[Records from a collection]
======

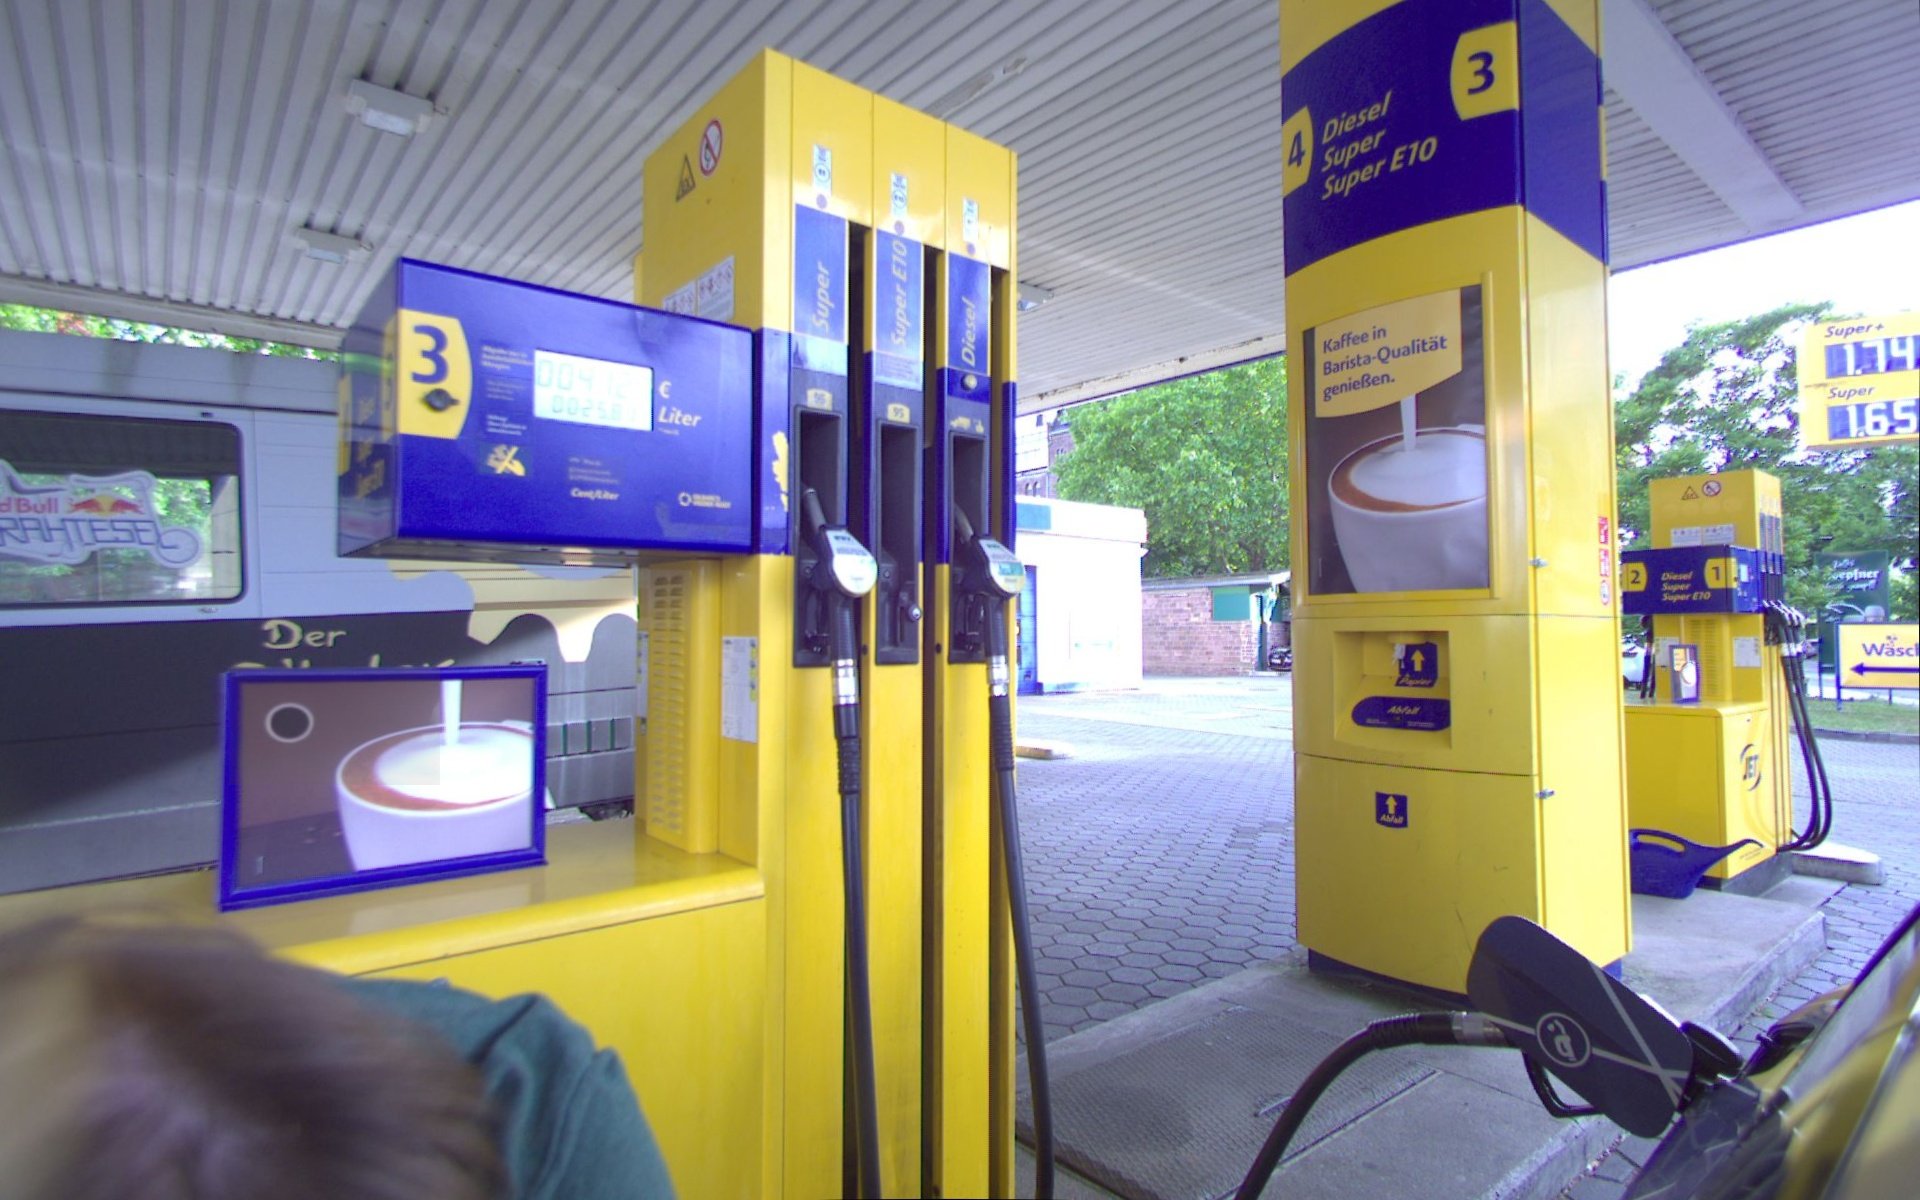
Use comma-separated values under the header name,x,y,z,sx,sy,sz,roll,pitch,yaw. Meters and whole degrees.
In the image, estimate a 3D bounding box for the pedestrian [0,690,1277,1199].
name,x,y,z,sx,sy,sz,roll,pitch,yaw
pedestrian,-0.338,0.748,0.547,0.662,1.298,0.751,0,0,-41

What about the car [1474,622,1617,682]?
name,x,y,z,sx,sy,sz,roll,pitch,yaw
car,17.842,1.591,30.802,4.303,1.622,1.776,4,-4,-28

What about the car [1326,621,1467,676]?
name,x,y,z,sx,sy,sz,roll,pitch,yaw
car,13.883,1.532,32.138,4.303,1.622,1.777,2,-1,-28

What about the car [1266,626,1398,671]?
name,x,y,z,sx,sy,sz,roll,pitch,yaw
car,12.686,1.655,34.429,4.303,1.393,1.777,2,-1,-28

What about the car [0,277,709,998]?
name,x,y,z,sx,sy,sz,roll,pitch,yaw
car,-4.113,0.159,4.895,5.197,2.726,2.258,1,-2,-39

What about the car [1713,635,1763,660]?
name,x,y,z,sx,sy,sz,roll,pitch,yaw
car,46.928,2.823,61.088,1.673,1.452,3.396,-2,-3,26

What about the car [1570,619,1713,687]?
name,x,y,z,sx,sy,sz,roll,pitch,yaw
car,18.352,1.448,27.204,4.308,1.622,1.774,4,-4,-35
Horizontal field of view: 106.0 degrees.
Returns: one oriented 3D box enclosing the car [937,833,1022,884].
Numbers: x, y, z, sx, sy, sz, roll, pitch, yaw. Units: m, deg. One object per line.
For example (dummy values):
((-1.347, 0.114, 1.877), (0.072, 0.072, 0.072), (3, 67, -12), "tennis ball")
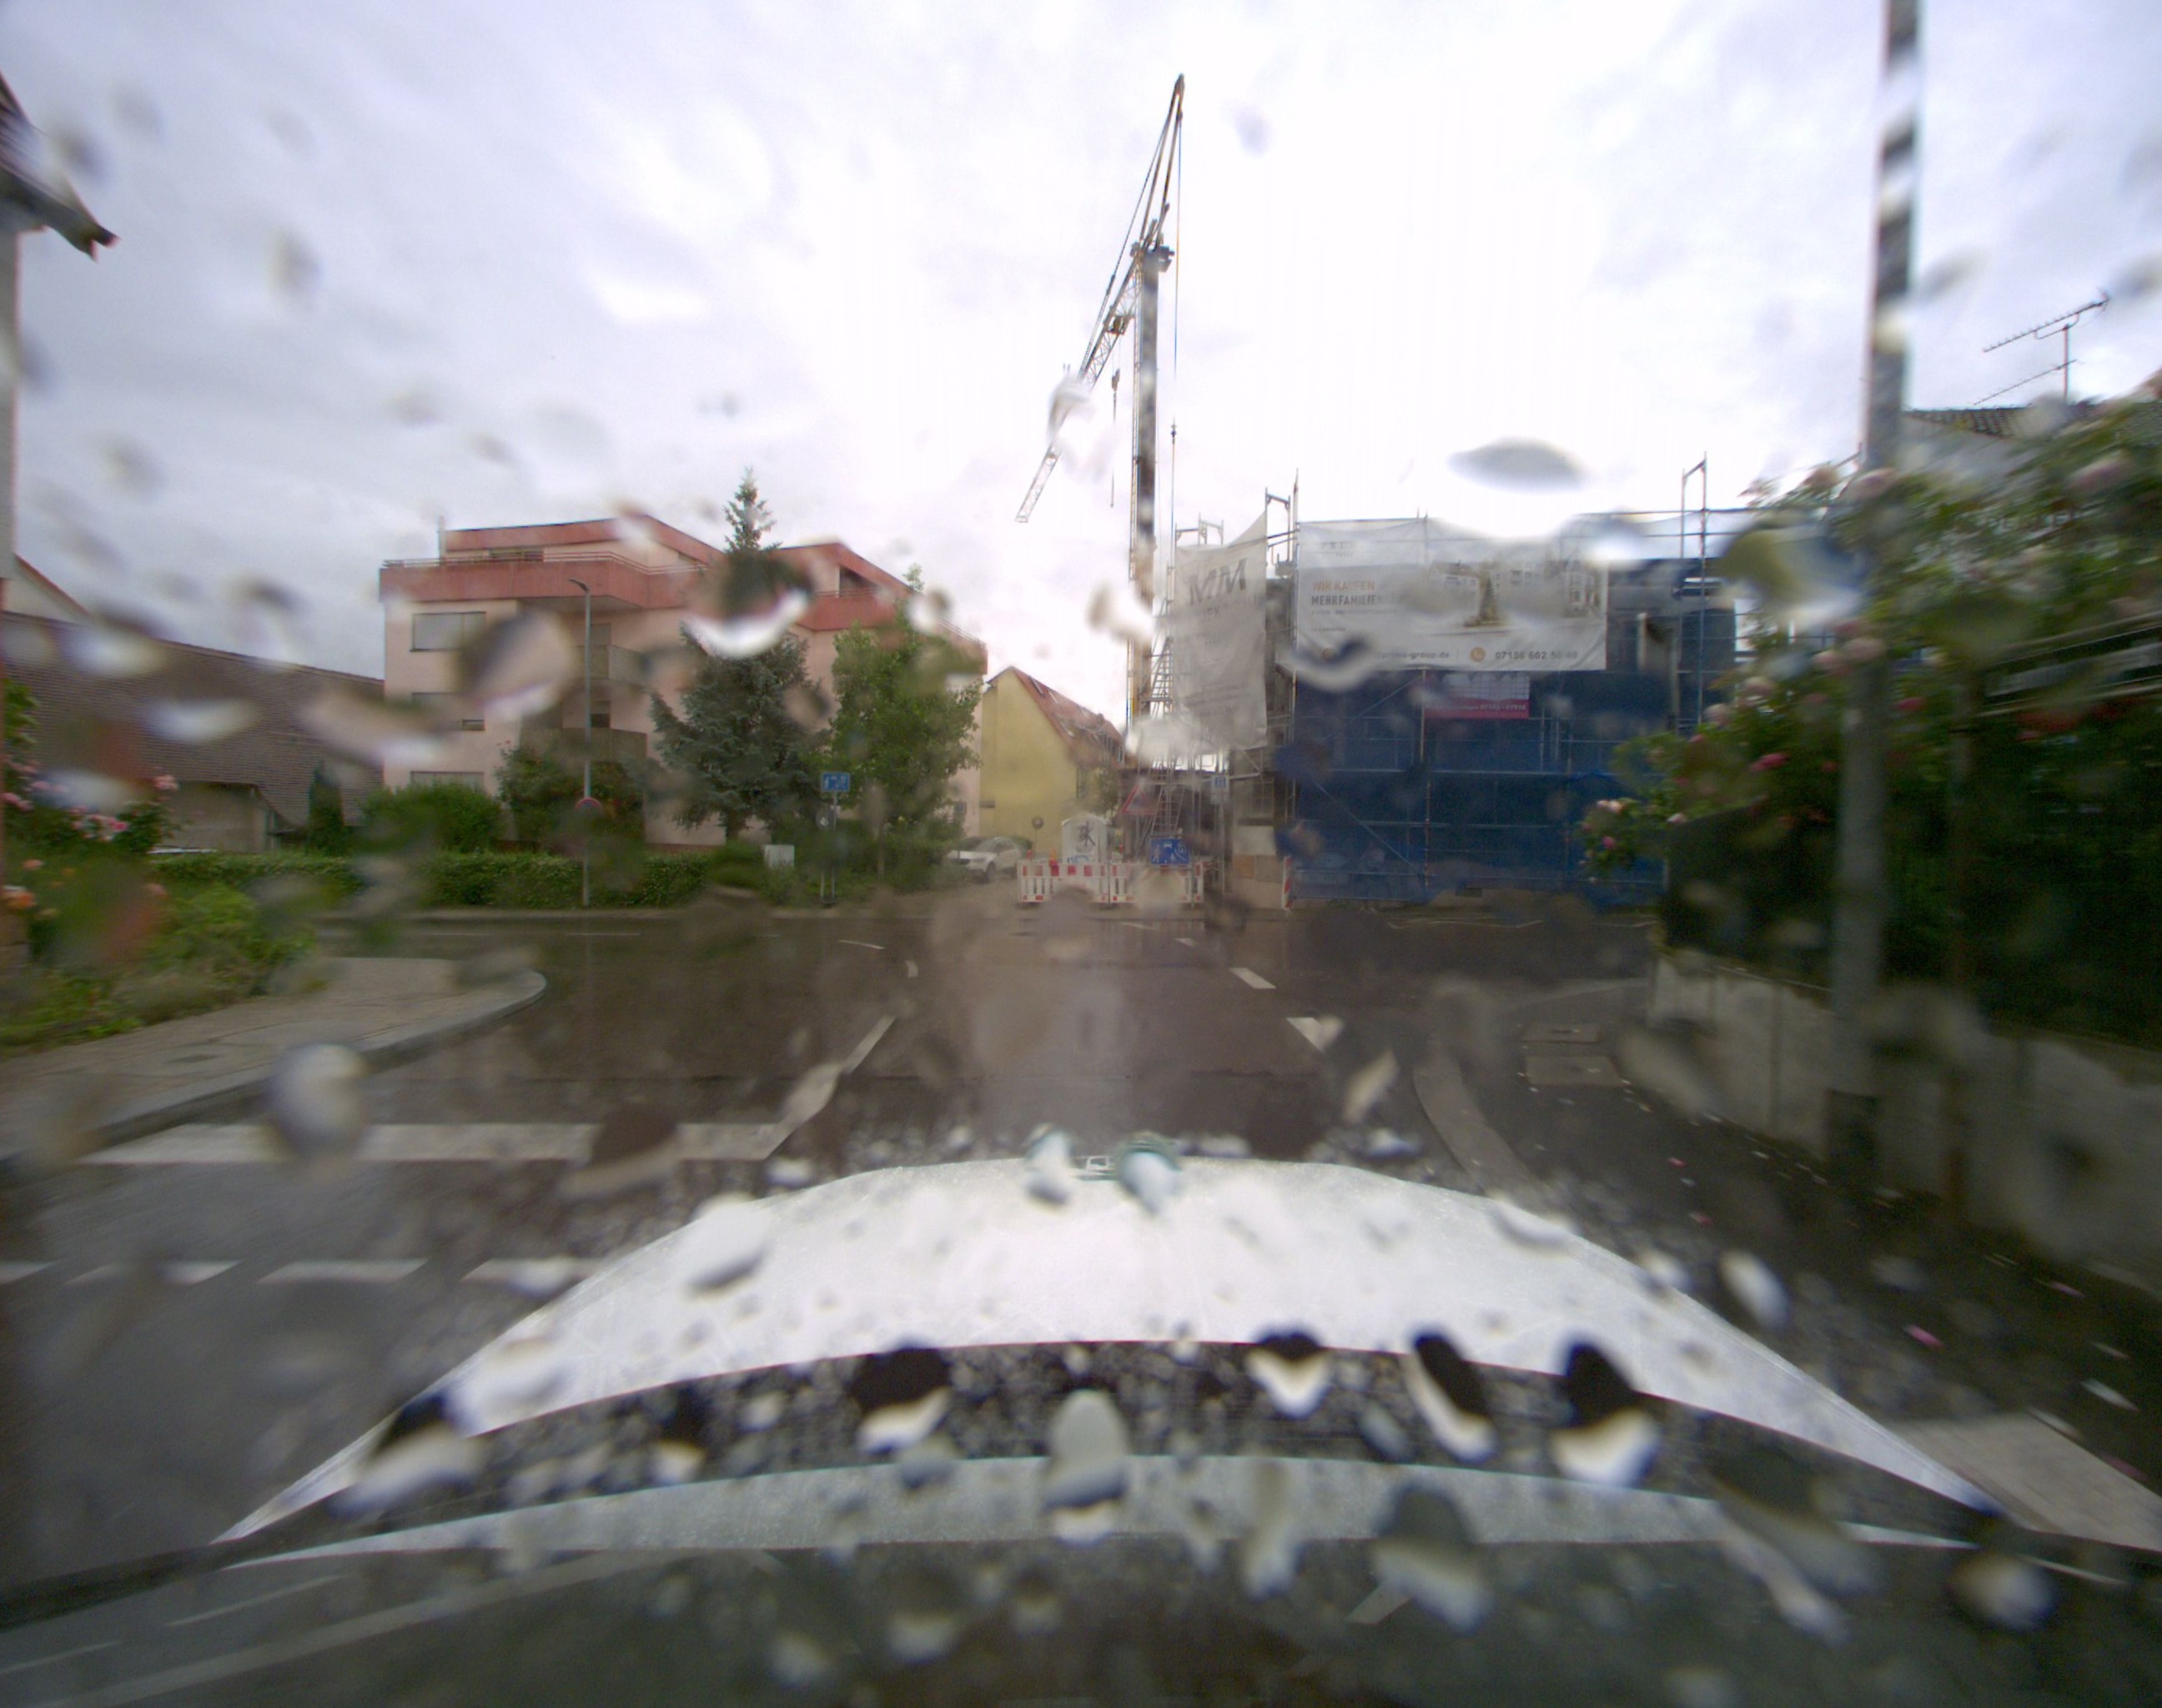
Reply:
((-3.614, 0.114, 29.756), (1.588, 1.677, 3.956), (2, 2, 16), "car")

======

● **GOAL OF THE EXERCISE**:
Before duplicating, set the pictures aside; then output exactly the lines from the one with "What about the car [1570,619,1713,687]?" through the end of the records, and only those.

● **EXERCISE SOLUTION**:
What about the car [1570,619,1713,687]?
name,x,y,z,sx,sy,sz,roll,pitch,yaw
car,18.352,1.448,27.204,4.308,1.622,1.774,4,-4,-35
Horizontal field of view: 106.0 degrees.
Returns: one oriented 3D box enclosing the car [937,833,1022,884].
Numbers: x, y, z, sx, sy, sz, roll, pitch, yaw. Units: m, deg. One object per line.
For example (dummy values):
((-1.347, 0.114, 1.877), (0.072, 0.072, 0.072), (3, 67, -12), "tennis ball")
Reply:
((-3.614, 0.114, 29.756), (1.588, 1.677, 3.956), (2, 2, 16), "car")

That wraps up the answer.